People in our day and age often times speak as if every man, woman, and child on the earth were God’s children. This is not the case. We are members of God’s family, His children, SPIRITUALLY, through faith in Christ. Paul wrote to the Galatians: “For you are all sons of God through faith in Christ Jesus. For as many of you as were baptized into Christ have put on Christ…And if you are Christ’s, then you are Abraham’s seed, and heirs according to the promise” (Galatians 3:26,27,29).
We are children of God and can claim that position ONLY through faith in the redemptive work of Jesus our Savior. We are children of God ONLY by being confident and sure that Jesus is the One who redeems us from all our sins by His death on the cross.
Being children of God through faith is ours as a gift from God. John writes, “But as many as received Him, to them He gave the right to become children of God, to those who believe in His name: who were born, not of blood, nor of the will of the flesh, nor of the will of man, but of God” (John 1:12-13).
We need to exercise great care in understanding what makes someone a child of God. It is not determined by earthly family ties. It is not determined by anything outward at all, not even by church membership. There is tremendous danger in holding onto a visible church for what it is…for the sake of a building…for the sake of that being the congregation where my family has been a member for so many years. DO NOT equate membership in the family of God with membership in any visible organization, congregation, or church body. It is based on faith in Christ!
For this reason, we can rejoice whenever and wherever the Gospel is preached. God promises that wherever His Word goes out it will bear fruit. The fruit is faith and salvation to those who believe. We read in Isaiah, “For as the rain comes down, and the snow from heaven, And do not return there, But water the earth, And make it bring forth and bud, That it may give seed to the sower and bread to the eater, so shall My word be that goes forth from My mouth; It shall not return to Me void, but it shall accomplish what I please, and it shall prosper in the thing for which I sent it” (Isaiah 55:10-11).
Where God’s Word goes forth, there it bears fruit. Where it creates faith and makes a “believer,” there is a fellow member in the family of God, whether we know it or not. Our “brotherhood,” our “sisterhood,” our membership in the family of God is determined by faith which we cannot of certainty see nor determine. But GOD KNOWS and through that faith in Christ we are joined together.
This family of God is what we at times call the “Holy Christian Church” or the “Invisible Church.” The members of the Holy Christian Church are the children of God, our brothers in Christ as determined spiritually. They all (of any time and place) who believe in Jesus for the salvation of their souls.
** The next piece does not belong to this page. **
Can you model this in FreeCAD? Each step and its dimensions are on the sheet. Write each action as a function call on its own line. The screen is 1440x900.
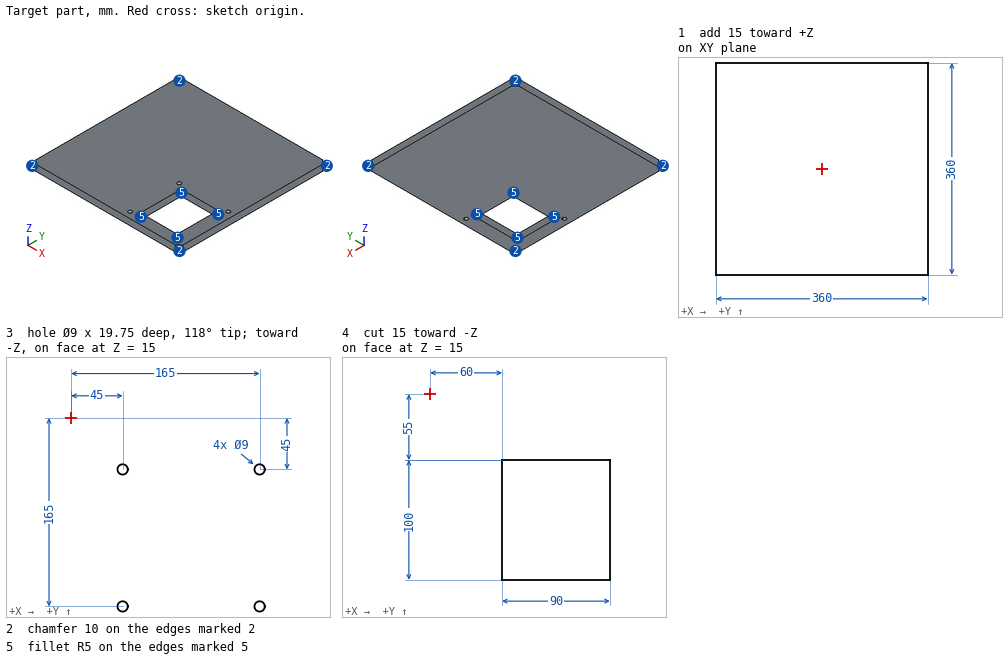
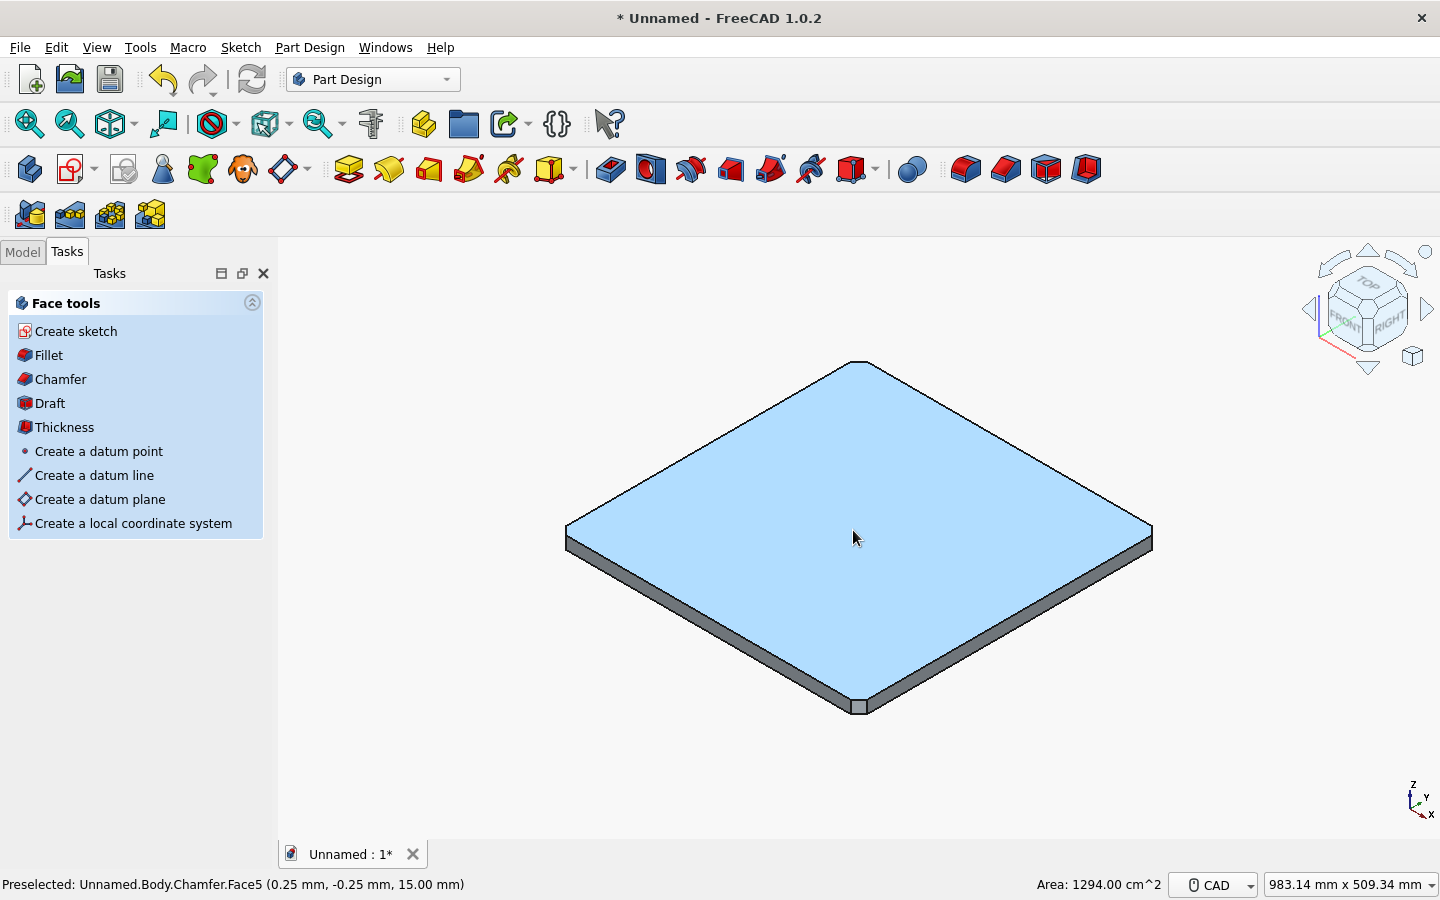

When Jesus told the people what determined His brotherhood, He said that it was those who “do the will of My Father in heaven.” [v.50] In his account, Luke adds that Jesus said, “Whoever hears the Word of God and does it.” (Luke 8:21). The faith which makes us part of God’s family spiritually, also shows itself externally.
When we are members in the family of God, God’s Word becomes our guide. There may be times when members of our earthly family want to pull us a certain way. At times we will want to go so badly with a friend and follow him because “I don’t want to lose that friendship.” We will want to follow some group because “I want to be a part of that. I want to ‘fit in.’” But REMEMBER, its not being part of a group of friends or part of an earthly family that makes you God’s child, it IS following Him.
So when we are faced with the influence of peer groups, or family members, or any other outward “force,” REMEMBER we FOLLOW GOD’S WORD, not family, not church, not government, not friends…but GOD’S TRUTH!! Those who hear God’s Word and do it, who follow it, who keep it, guard it, treasure it…THEY are the family, the Children of God.
In this regard, Martin Luther wrote: “It is and remains a strong, widely current, and common temptation that in order to please a person or a good friend one foregoes doing what one otherwise would no doubt do, one is silent and yields in order to retain favor, honor, and friendship when otherwise one would speak up. Nor can anyone of us, however high he has risen, boast of having overcome the danger of this temptation; for it steals over a person so subtly that it is difficult to detect how much and how often one forebears to preach, plead, admonish, and rebuke in order not to hurt anyone's feelings…” [#1591, What Luther Says, Ewald Plass, Editor, Concordia Publishing House]
Although our membership in the family of God is determined by faith and not by membership in external organizations, God’s desire is that His children gather together in groups for worship, praising God, doing the work of God’s Kingdom, and for mutual encouragement. The writer to the Hebrews wrote, “Let us hold fast the confession of our hope without wavering, for He who promised is faithful. And let us consider one another in order to stir up love and good works, not forsaking the assembling of ourselves together, as is the manner of some, but exhorting one another, and so much the more as you see the Day approaching” (Hebrews 10:23-25).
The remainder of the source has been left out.